Infants at Risk for Schizophrenia: Sequelae of a Genetic Neurointegrative Defect: A Review and Replication Analysis of Pandysmaturation in the Jerusalem Infant Development Study

Barbara Fish, Joseph Marcus, Sydney L. Hans, Judith G. Auerbach, Sondra Perdue

Research output: Contribution to journalArticlepeer-review

303 Scopus citations

Abstract

A 1975 report stated that a schizophrenic genotype may be manifested in infants by a neurointegrative defect called pandysmaturation.

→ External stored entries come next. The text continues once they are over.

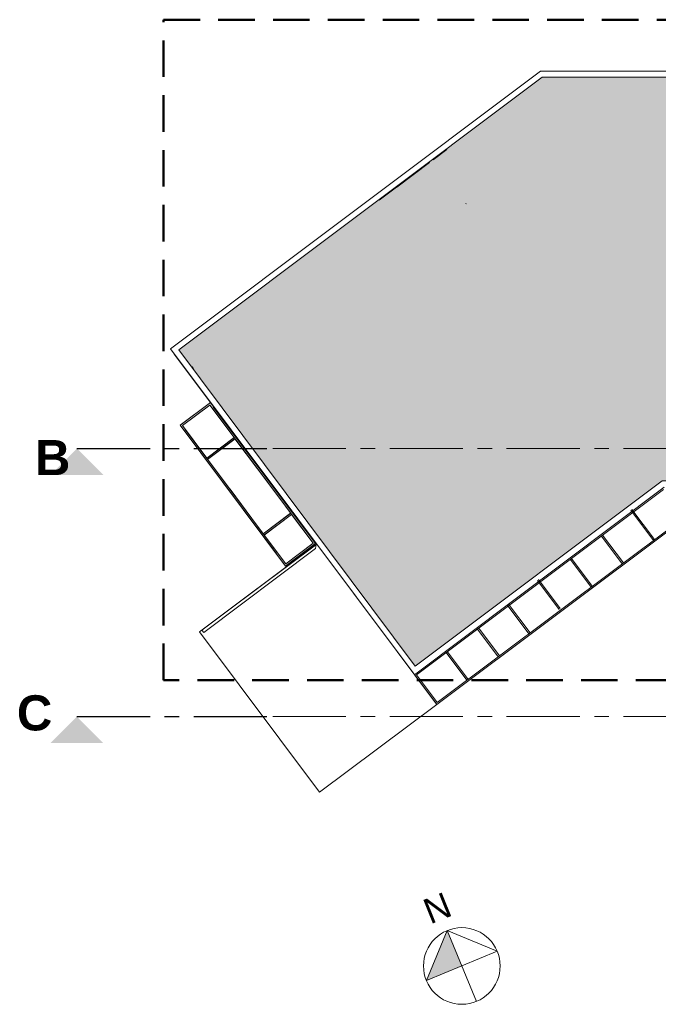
# Model space of a CAD drawing. Extents: x -61922 to 269817, y -51921 to -896.
# Tile 29 of 37: x 2547 to 4732, y -39174 to -35807. Entities that reach past the tile are written whole.
import ezdxf
from ezdxf.enums import TextEntityAlignment as Align

# ---------------------------------------------------------------- set-up
doc = ezdxf.new("R2010")
doc.units = 0
doc.header["$LTSCALE"] = 0.1
doc.header["$MEASUREMENT"] = 0
doc.linetypes.add('AXESx2', pattern=[4, 2.5, -0.5, 0.5, -0.5])
doc.linetypes.add('CACHE2', pattern=[0.1875, 0.125, -0.0625])
doc.layers.get('0').update_dxf_attribs({"lineweight": 9})
doc.layers.add('Aucune', color=7, linetype='Continuous', lineweight=9)
doc.layers.add('Voirie nouvelle', color=7, linetype='Continuous', lineweight=9)
doc.styles.add('STYLE_GENERE_1', font='arial.ttf')
doc.styles.add('STYLE_GENERE_6', font='arialbd.ttf')

msp = doc.modelspace()

# ---------------------------------------------------------------- hatches: boundary and pattern name
at = {"ltscale": 10}
h = msp.add_hatch(color=7, dxfattribs=at)
h.dxf.hatch_style = 1
h.paths.add_polyline_path([(6206.602, -36465.799, -0.04707725), (6190.374, -36473.871, 0.11943218), (6157.613, -36458.71, 0.16299999), (6194.39, -36450.969, -0.01655755), (6206.602, -36454.554), (6206.602, -36003.683), (4335.19, -36003.683), (3091.406, -36936.207), (3344.024, -37273.706), (3413.308, -37273.706), (6144.356, -37273.706), (6206.602, -37273.706)])
h.paths.add_polyline_path([(4744.882, -37383.981), (4744.886, -37383.994), (5293.669, -37383.994), (5293.669, -37273.706), (3413.308, -37273.706), (3344.024, -37273.706), (3900.448, -38017.087)])
h.paths.add_polyline_path([(6206.602, -37273.706), (6144.356, -37273.706), (5293.669, -37273.706), (5293.669, -37383.994), (6206.602, -37383.994)])
at = {"linetype": 'Continuous', "lineweight": 60}
h = msp.add_hatch(color=253, dxfattribs=at)
h.paths.add_polyline_path([(3560.765, -37597.494), (3200.46, -37116.053), (3096.63, -37193.758), (3456.935, -37675.199)], flags=0)
h.paths.add_polyline_path([(3187.42, -37306.308), (3104.214, -37194.974), (3198.206, -37124.728), (3281.412, -37236.063)], flags=0)
h.paths.add_polyline_path([(3266.832, -37412.978), (3190.044, -37310.231), (3283.855, -37240.122), (3360.642, -37342.868), (3361.104, -37342.524), (3474.448, -37494.184), (3380.203, -37564.618), (3266.859, -37412.957)], flags=0)
h.paths.add_polyline_path([(3383.444, -37569.461), (3477.205, -37498.811), (3551.453, -37597.346), (3457.692, -37667.996)], flags=0)
at = {"linetype": 'Continuous', "lineweight": 20}
msp.add_hatch(color=256, dxfattribs=at).paths.add_polyline_path([(4059.966, -39042.688), (4009.763, -38921.646), (3938.925, -39092.891)], flags=0)

# ---------------------------------------------------------------- linework, layer by layer
at = {"linetype": 'CACHE2', "lineweight": 50, "ltscale": 10000}
for p, q in [((3039.343, -38065.515), (3039.343, -35807.191)), ((3039.343, -35807.191), (6280.519, -35807.191))]:
    msp.add_line(p, q, dxfattribs=at)
at = {"color": 253, "linetype": 'Continuous'}
for p, q in [((3062.947, -36932.547), (4328.507, -35983.706)), ((4328.507, -35983.706), (6225.924, -35983.706)), ((3091.406, -36936.207), (4335.19, -36003.683)), ((4335.19, -36003.683), (6206.602, -36003.683)), ((3777.064, -36424.66), (3948.851, -36295.858)), ((4075.178, -36435.382), (4073.725, -36436.341)), ((3062.947, -36932.547), (3896.43, -38045.097)), ((3091.406, -36936.207), (3900.448, -38017.087)), ((3559.178, -37598.682), (3208.778, -37130.477)), ((3520.014, -37555.623), (3207.534, -37137.159)), ((3425.405, -37633.068), (3106.535, -37206.994)), ((3429.408, -37630.073), (3113.811, -37207.815)), ((3900.448, -38017.087), (4744.865, -37383.994)), ((3561.432, -37601.607), (3170.811, -37894.023)), ((3289.181, -37805.354), (3289.069, -37805.206)), ((3170.789, -37893.995), (3162.786, -37899.99))]:
    msp.add_line(p, q, dxfattribs=at)
at = {"color": 253, "linetype": 'Continuous', "lineweight": 20}
for p, q in [((3961.306, -36286.507), (4008.697, -36250.976)), ((3837.558, -36379.287), (3948.845, -36295.85)), ((3366.994, -37338.397), (3075.619, -36950.244)), ((3281.845, -37235.648), (3187.463, -37306.366)), ((3284.681, -37239.854), (3190.299, -37310.573)), ((4752.613, -37405.671), (3897.629, -38046.687)), ((4750.11, -37413.511), (3904.492, -38047.505)), ((3474.156, -37494.764), (3379.774, -37565.483)), ((3476.992, -37498.971), (3382.61, -37569.69)), ((3563.313, -37600.2), (3482.996, -37491.944)), ((4637.898, -37484.638), (4715.358, -37587.953)), ((4641.899, -37481.639), (4719.359, -37584.955)), ((4798.21, -37532.233), (3974.236, -38148.844)), ((4792.224, -37530.366), (3975.506, -38142.231)), ((4541.677, -37570.048), (4612.739, -37664.832)), ((3162.86, -37900.089), (3563.313, -37600.2)), ((3555.326, -37601.48), (3460.944, -37672.199)), ((4537.676, -37573.048), (4608.568, -37667.604)), ((4431.136, -37652.658), (4502.058, -37747.254)), ((4435.137, -37649.659), (4506.157, -37744.386)), ((4318.562, -37724.221), (4393.365, -37823.993)), ((4322.562, -37721.221), (4396.749, -37820.171)), ((4219.227, -37805.112), (4293.414, -37904.062)), ((4215.227, -37808.112), (4289.412, -37907.06)), ((4113.799, -37890.58), (4184.719, -37985.494)), ((4117.94, -37887.741), (4188.888, -37982.371)), ((4006.631, -37971.315), (4077.257, -38065.515)), ((4010.632, -37968.315), (4081.578, -38062.943)), ((3897.63, -38046.686), (3974.227, -38148.851)), ((3904.493, -38047.504), (3975.51, -38142.227))]:
    msp.add_line(p, q, dxfattribs=at)
at = {"color": 253, "linetype": 'Continuous', "lineweight": 25}
msp.add_line((3135.052, -36992.734), (3141.109, -37000.818), dxfattribs=at)
at = {"linetype": 'AXESx2', "lineweight": 30, "ltscale": 1000}
for p, q in [((2743.287, -37273.706), (3413.308, -37273.706)), ((2743.287, -38190.229), (3413.308, -38190.229))]:
    msp.add_line(p, q, dxfattribs=at)
at = {"linetype": 'AXESx2', "ltscale": 1000}
for p, q in [((3413.308, -37273.706), (6144.356, -37273.706)), ((3413.308, -38190.229), (6144.356, -38190.229))]:
    msp.add_line(p, q, dxfattribs=at)
at = {"color": 253}
for p, q in [((3162.786, -37899.99), (3563.479, -37600.077)), ((3561.432, -37601.607), (3170.811, -37894.023)), ((3559.427, -37615.6), (3561.432, -37601.607)), ((3563.479, -37600.077), (3974.227, -38148.851)), ((3176.806, -37902.027), (3559.427, -37615.6)), ((3573.534, -38448.763), (3162.786, -37899.99)), ((3170.811, -37894.023), (3176.806, -37902.027)), ((3974.227, -38148.851), (3573.534, -38448.763))]:
    msp.add_line(p, q, dxfattribs=at)
at = {"color": 0, "linetype": 'CACHE2', "lineweight": 50, "ltscale": 10000}
msp.add_line((6280.519, -38065.515), (3039.343, -38065.515), dxfattribs=at)
at = {"linetype": 'Continuous', "lineweight": 20}
for p, q in [((3938.925, -39092.891), (4009.763, -38921.646)), ((4009.763, -38921.646), (4110.17, -39163.73)), ((4009.763, -38921.646), (4181.008, -38992.485)), ((4181.008, -38992.485), (3938.925, -39092.891))]:
    msp.add_line(p, q, dxfattribs=at)
at = {"ltscale": 10}
msp.add_lwpolyline([(3091.406, -36936.207), (4335.19, -36003.683), (6206.602, -36003.683), (6206.602, -37383.994), (4744.886, -37383.994), (3900.448, -38017.087), (3091.406, -36936.207)], dxfattribs=at)
at = {"color": 253, "linetype": 'Continuous', "flags": 128}
for points in [[(3560.765, -37597.494), (3200.46, -37116.053), (3096.63, -37193.758), (3456.935, -37675.199)], [(3187.42, -37306.308), (3104.214, -37194.974), (3198.206, -37124.728), (3281.412, -37236.063)], [(3266.832, -37412.978), (3190.044, -37310.231), (3283.855, -37240.122), (3360.642, -37342.868), (3361.104, -37342.524), (3474.448, -37494.184), (3380.203, -37564.618), (3266.859, -37412.957)], [(3383.444, -37569.461), (3477.205, -37498.811), (3551.453, -37597.346), (3457.692, -37667.996)]]:
    msp.add_lwpolyline(points, close=True, dxfattribs=at)
at = {"linetype": 'Continuous', "lineweight": 20}
msp.add_circle((4059.966, -39042.688), 131.04, dxfattribs=at)
at = {"layer": 'Aucune', "color": 7, "linetype": 'Continuous', "lineweight": 15}
for points in [[(2653.431, -37363.562), (2833.143, -37363.562), (2743.287, -37273.706)], [(2653.431, -38280.085), (2833.143, -38280.085), (2743.287, -38190.229)]]:
    msp.add_solid(points, dxfattribs=at)

# ---------------------------------------------------------------- texts
at = {"layer": 'Aucune', "color": 7, "linetype": 'Continuous', "lineweight": 50, "char_height": 120, "attachment_point": 1, "line_spacing_factor": 0.975772, "style": 'STYLE_GENERE_6'}
for s, insert in [('B', (2599.741, -37244.438)), ('C', (2537.834, -38117.221))]:
    msp.add_mtext(s, dxfattribs=dict(at, insert=insert))
at = {"layer": 'Voirie nouvelle', "color": 7, "lineweight": 20, "style": 'STYLE_GENERE_1'}
msp.add_attdef('N', text='N', height=86.625, rotation=22.004807, dxfattribs=at).set_placement((3961.289, -38925.135), align=Align.BOTTOM_LEFT)

doc.saveas('drawing.dxf')

Recent evidence supports this: (1) 12 studies found delayed development in schizophrenics' infants and in preschizophrenics; (2) “blind” psychometric evaluations favored an adult schizotypal disorder in four to six of seven high-risk subjects with pandysmaturation in the New York study; and (3) finally, in a partial replication of this method using the Jerusalem data, blind diagnoses of “probable” and “possible” pandysmaturation were significantly related to a parental diagnosis of schizophrenia and to cognitive and motor neurointegrative deficits at 10 years. Obstetrical complications were unrelated to diagnosis, pandysmaturation, or outcome in the overall sample. However, we found a small subgroup of schizophrenic offspring in whom the most severe motor deficits at follow-up were related to obstetrical complications, pandysmaturation, and low birth weight.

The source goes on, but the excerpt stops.